*What to work on*. Copy every record below exactly as written, but leave out the pictures.

*Material for this task*.
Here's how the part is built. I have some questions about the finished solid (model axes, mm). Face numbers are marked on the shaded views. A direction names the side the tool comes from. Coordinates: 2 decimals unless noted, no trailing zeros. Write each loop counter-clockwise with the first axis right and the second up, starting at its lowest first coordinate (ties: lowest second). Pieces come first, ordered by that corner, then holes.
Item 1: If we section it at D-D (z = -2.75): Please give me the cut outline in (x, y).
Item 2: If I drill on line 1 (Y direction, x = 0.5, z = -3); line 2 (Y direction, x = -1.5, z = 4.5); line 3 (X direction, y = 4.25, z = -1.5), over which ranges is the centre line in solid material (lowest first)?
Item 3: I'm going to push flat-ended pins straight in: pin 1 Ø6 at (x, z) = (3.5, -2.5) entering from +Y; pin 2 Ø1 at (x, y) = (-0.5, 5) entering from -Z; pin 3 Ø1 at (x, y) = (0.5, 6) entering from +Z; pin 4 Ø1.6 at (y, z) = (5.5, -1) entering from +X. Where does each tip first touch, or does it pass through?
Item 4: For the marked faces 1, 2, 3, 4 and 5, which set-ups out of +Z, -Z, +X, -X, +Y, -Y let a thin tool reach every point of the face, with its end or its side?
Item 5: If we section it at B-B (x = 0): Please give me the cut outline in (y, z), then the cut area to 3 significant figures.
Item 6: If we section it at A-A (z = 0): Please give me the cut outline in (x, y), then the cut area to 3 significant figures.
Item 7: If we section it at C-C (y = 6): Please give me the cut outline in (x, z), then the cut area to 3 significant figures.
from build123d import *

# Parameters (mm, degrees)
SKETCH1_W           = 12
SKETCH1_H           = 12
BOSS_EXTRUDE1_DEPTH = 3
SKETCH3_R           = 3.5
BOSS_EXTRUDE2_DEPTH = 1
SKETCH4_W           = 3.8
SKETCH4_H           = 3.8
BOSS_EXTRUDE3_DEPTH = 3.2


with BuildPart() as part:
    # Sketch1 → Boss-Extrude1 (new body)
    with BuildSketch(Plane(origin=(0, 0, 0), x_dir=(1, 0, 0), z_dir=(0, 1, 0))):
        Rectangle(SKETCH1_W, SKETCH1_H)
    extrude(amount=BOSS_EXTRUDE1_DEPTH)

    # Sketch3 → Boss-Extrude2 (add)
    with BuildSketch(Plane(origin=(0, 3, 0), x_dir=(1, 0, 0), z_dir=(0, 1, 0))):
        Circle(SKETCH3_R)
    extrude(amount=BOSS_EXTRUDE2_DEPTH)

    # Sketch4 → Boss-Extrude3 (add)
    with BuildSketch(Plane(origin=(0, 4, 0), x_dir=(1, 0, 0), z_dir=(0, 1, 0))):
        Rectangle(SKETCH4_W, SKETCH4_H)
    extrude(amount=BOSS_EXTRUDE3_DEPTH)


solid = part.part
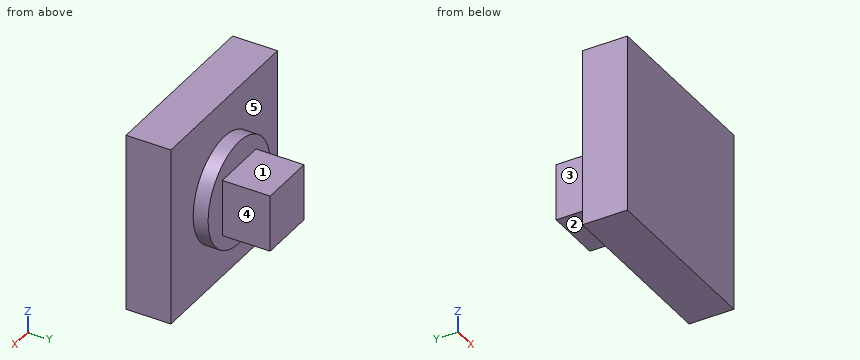
Answer list:
1. outline: (-6, 0) - (6, 0) - (6, 3) - (2.17, 3) - (2.17, 4) - (-2.17, 4) - (-2.17, 3) - (-6, 3) - close
2. line 1: y = 0 to 4
2. line 2: y = 0 to 3
2. line 3: x = -1.9 to 1.9
3. pin 1: stops at y = 7.2
3. pin 2: stops at z = -1.9
3. pin 3: stops at z = 1.9
3. pin 4: stops at x = 1.9
4. face 1: +Z, +X, -X, +Y
4. face 2: -Z, +X, -X, +Y
4. face 3: +Z, -Z, -X, +Y
4. face 4: +Z, -Z, +X, +Y
4. face 5: +Y
5. outline: (0, -6) - (3, -6) - (3, -3.5) - (4, -3.5) - (4, -1.9) - (7.2, -1.9) - (7.2, 1.9) - (4, 1.9) - (4, 3.5) - (3, 3.5) - (3, 6) - (0, 6) - close
5. area: 55.2 mm2
6. outline: (-6, 0) - (6, 0) - (6, 3) - (3.5, 3) - (3.5, 4) - (1.9, 4) - (1.9, 7.2) - (-1.9, 7.2) - (-1.9, 4) - (-3.5, 4) - (-3.5, 3) - (-6, 3) - close
6. area: 55.2 mm2
7. outline: (-1.9, -1.9) - (1.9, -1.9) - (1.9, 1.9) - (-1.9, 1.9) - close
7. area: 14.4 mm2

*Result of this task*.
Here's how the part is built. I have some questions about the finished solid (model axes, mm). Face numbers are marked on the shaded views. A direction names the side the tool comes from. Coordinates: 2 decimals unless noted, no trailing zeros. Write each loop counter-clockwise with the first axis right and the second up, starting at its lowest first coordinate (ties: lowest second). Pieces come first, ordered by that corner, then holes.
Item 1: If we section it at D-D (z = -2.75): Please give me the cut outline in (x, y).
Item 2: If I drill on line 1 (Y direction, x = 0.5, z = -3); line 2 (Y direction, x = -1.5, z = 4.5); line 3 (X direction, y = 4.25, z = -1.5), over which ranges is the centre line in solid material (lowest first)?
Item 3: I'm going to push flat-ended pins straight in: pin 1 Ø6 at (x, z) = (3.5, -2.5) entering from +Y; pin 2 Ø1 at (x, y) = (-0.5, 5) entering from -Z; pin 3 Ø1 at (x, y) = (0.5, 6) entering from +Z; pin 4 Ø1.6 at (y, z) = (5.5, -1) entering from +X. Where does each tip first touch, or does it pass through?
Item 4: For the marked faces 1, 2, 3, 4 and 5, which set-ups out of +Z, -Z, +X, -X, +Y, -Y let a thin tool reach every point of the face, with its end or its side?
Item 5: If we section it at B-B (x = 0): Please give me the cut outline in (y, z), then the cut area to 3 significant figures.
Item 6: If we section it at A-A (z = 0): Please give me the cut outline in (x, y), then the cut area to 3 significant figures.
Item 7: If we section it at C-C (y = 6): Please give me the cut outline in (x, z), then the cut area to 3 significant figures.
from build123d import *

# Parameters (mm, degrees)
SKETCH1_W           = 12
SKETCH1_H           = 12
BOSS_EXTRUDE1_DEPTH = 3
SKETCH3_R           = 3.5
BOSS_EXTRUDE2_DEPTH = 1
SKETCH4_W           = 3.8
SKETCH4_H           = 3.8
BOSS_EXTRUDE3_DEPTH = 3.2


with BuildPart() as part:
    # Sketch1 → Boss-Extrude1 (new body)
    with BuildSketch(Plane(origin=(0, 0, 0), x_dir=(1, 0, 0), z_dir=(0, 1, 0))):
        Rectangle(SKETCH1_W, SKETCH1_H)
    extrude(amount=BOSS_EXTRUDE1_DEPTH)

    # Sketch3 → Boss-Extrude2 (add)
    with BuildSketch(Plane(origin=(0, 3, 0), x_dir=(1, 0, 0), z_dir=(0, 1, 0))):
        Circle(SKETCH3_R)
    extrude(amount=BOSS_EXTRUDE2_DEPTH)

    # Sketch4 → Boss-Extrude3 (add)
    with BuildSketch(Plane(origin=(0, 4, 0), x_dir=(1, 0, 0), z_dir=(0, 1, 0))):
        Rectangle(SKETCH4_W, SKETCH4_H)
    extrude(amount=BOSS_EXTRUDE3_DEPTH)


solid = part.part
Answer list:
1. outline: (-6, 0) - (6, 0) - (6, 3) - (2.17, 3) - (2.17, 4) - (-2.17, 4) - (-2.17, 3) - (-6, 3) - close
2. line 1: y = 0 to 4
2. line 2: y = 0 to 3
2. line 3: x = -1.9 to 1.9
3. pin 1: stops at y = 7.2
3. pin 2: stops at z = -1.9
3. pin 3: stops at z = 1.9
3. pin 4: stops at x = 1.9
4. face 1: +Z, +X, -X, +Y
4. face 2: -Z, +X, -X, +Y
4. face 3: +Z, -Z, -X, +Y
4. face 4: +Z, -Z, +X, +Y
4. face 5: +Y
5. outline: (0, -6) - (3, -6) - (3, -3.5) - (4, -3.5) - (4, -1.9) - (7.2, -1.9) - (7.2, 1.9) - (4, 1.9) - (4, 3.5) - (3, 3.5) - (3, 6) - (0, 6) - close
5. area: 55.2 mm2
6. outline: (-6, 0) - (6, 0) - (6, 3) - (3.5, 3) - (3.5, 4) - (1.9, 4) - (1.9, 7.2) - (-1.9, 7.2) - (-1.9, 4) - (-3.5, 4) - (-3.5, 3) - (-6, 3) - close
6. area: 55.2 mm2
7. outline: (-1.9, -1.9) - (1.9, -1.9) - (1.9, 1.9) - (-1.9, 1.9) - close
7. area: 14.4 mm2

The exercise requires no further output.